Code for solving LP on GPU using the first-order algorithm -- PDLP.

This is the C implementation of the Julia version cuPDLP.jl.

Compile

We use CMAKE to build CUPDLP. The current version switches to HiGHS project.

Please compile with HiGHS 1.6.0 and CUDA 12.3.

Note that if you install HiGHS using the precompiled binaries, the compressed MPS files cannot be read. You can build and install with the zlib support from source, see this page to find out more. Once you setup HiGHS and CUDA, set the following environment variables.

export HIGHS_HOME=/path-to-highs
export CUDA_HOME=/path-to-cuda

For example, if HiGHS 1.6.0 has been installed with its default configuration so that the binaries are available as /usr/local/lib/libhighs.so.1.6.0 with headers in /usr/local/include/highs, then HIGHS_HOME should be set to /usr/local. Similarly, if the CUDA toolkit is installed in /usr/local/cuda-12.3, then CUDA_HOME should be /usr/local/cuda-12.3.

By setting -DBUILD_CUDA=ON (by default OFF, i.e., the CPU version), you have the GPU version of cuPDLP-C.

Examples

  • use the debug mode:
mkdir build
cd build
cmake -DCMAKE_BUILD_TYPE=Debug -DBUILD_CUDA=ON ..
cmake --build . --target plc

then you can find the binary plc in the folder <cuPDLP-C>/build/bin/.

  • when using the release mode, we suggest the following options,
cmake -DBUILD_CUDA=ON \
-DCMAKE_C_FLAGS_RELEASE="-O2 -DNDEBUG" \
-DCMAKE_CXX_FLAGS_RELEASE="-O2 -DNDEBUG" \
-DCMAKE_CUDA_FLAGS_RELEASE="-O2 -DNDEBUG" ..

Alternative Interfaces

The Python Interface

If you wish to use the Python interface, use the following steps:

git submodule update --init --recursive

then build the target pycupdlp

cmake --build . --target pycupdlp 

(Optional) You may checkout the setup scripts under pycupdlp.

Usage

Usage example: set nIterLim to 5000 and solve.

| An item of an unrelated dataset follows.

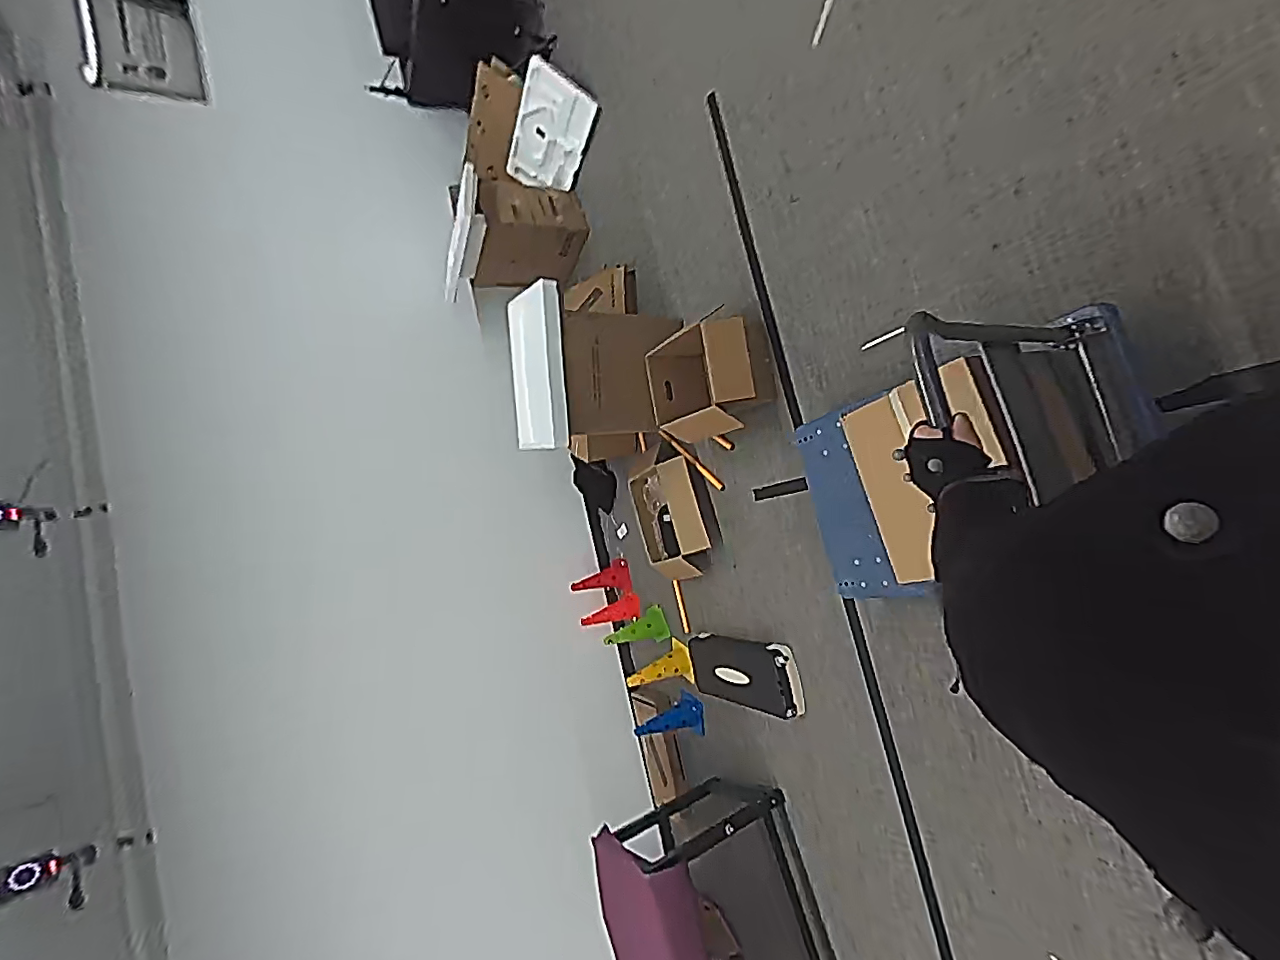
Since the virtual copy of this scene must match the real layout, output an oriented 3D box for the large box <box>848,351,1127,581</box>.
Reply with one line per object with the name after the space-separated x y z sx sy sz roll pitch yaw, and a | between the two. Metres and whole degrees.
0.733 -0.027 1.172 0.320 0.320 0.408 -33 69 58 | large box

./bin/plc -fname <mpsfile> -nIterLim 5000

For the helper: use -h.

./bin/plc -h

or

./bin/plc <something> -h <something>
Param Type Range Default Description
fname str .mps file of the LP instance
out str ./solution-sum.json .json file to save result
outSol str ./solution.json .json file to save result
savesol bool true, false false whether to write solution to .json output
ifScaling bool true, false true Whether to use scaling
ifRuizScaling bool true, false true Whether to use Ruiz scaling (10 times)
ifL2Scaling bool true, false false Whether to use L2 scaling
ifPcScaling bool true, false true Whether to use Pock-Chambolle scaling
nIterLim int >=0 INT_MAX Maximum iteration number
eLineSearchMethod int 0, 2 2 Choose line search: 0-fixed, 1-Malitsky, 2-Adaptive
dPrimalTol double >=0 1e-4 Primal feasibility tolerance for termination
dDualTol double >=0 1e-4 Dual feasibility tolerance for termination
dGapTol double >=0 1e-4 Duality gap tolerance for termination
dTimeLim double >=0 3600 Time limit (in seconds)
eRestartMethod int 0-1 1 Choose restart: 0-none, 1-KKTversion
dFeasTol double >=0 1e-8 Tolerance for primal and dual infeasibility check

The PDLP Algorithm

Consider the generic linear programming problem:

$$ \begin{aligned} \min\ & c^\top x \\ \text{s.t.}\ & A x = b \\ & Gx \geq h \\ & l \leq x \leq u \end{aligned} $$

Equivalently, we solve the following saddle-point problem,

$$ \max_{y_1,\text{free}, y_2\geq 0}\min_{l\leq x\leq u}c^\top x - y^\top Kx + q^\top y $$

where dual variables $y^\top=(y_1^\top, y_2^\top)$, $K^\top = (A^\top, G^\top)$, $q^\top=(b^\top, h^\top)$.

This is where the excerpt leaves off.